» **Exercise objective**: Would you give the number of lines below in which the string "name" appears? Nothing else is needed.

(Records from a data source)
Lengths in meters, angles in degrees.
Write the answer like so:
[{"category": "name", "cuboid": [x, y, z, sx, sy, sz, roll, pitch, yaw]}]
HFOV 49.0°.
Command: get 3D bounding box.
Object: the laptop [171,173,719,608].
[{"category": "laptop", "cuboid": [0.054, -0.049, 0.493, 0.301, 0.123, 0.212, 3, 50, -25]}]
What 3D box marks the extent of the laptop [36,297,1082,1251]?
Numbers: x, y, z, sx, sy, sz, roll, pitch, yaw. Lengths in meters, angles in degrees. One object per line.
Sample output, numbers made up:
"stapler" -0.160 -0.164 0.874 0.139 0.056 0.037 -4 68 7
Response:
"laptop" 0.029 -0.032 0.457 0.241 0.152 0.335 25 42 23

--

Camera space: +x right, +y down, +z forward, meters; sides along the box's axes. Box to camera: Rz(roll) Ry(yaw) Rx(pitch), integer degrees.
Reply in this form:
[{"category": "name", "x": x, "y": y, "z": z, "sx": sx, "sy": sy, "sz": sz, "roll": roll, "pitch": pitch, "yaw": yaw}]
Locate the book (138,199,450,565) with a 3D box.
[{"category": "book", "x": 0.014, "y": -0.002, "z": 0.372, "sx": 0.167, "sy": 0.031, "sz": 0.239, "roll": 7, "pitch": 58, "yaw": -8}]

» **Solved problem**: 2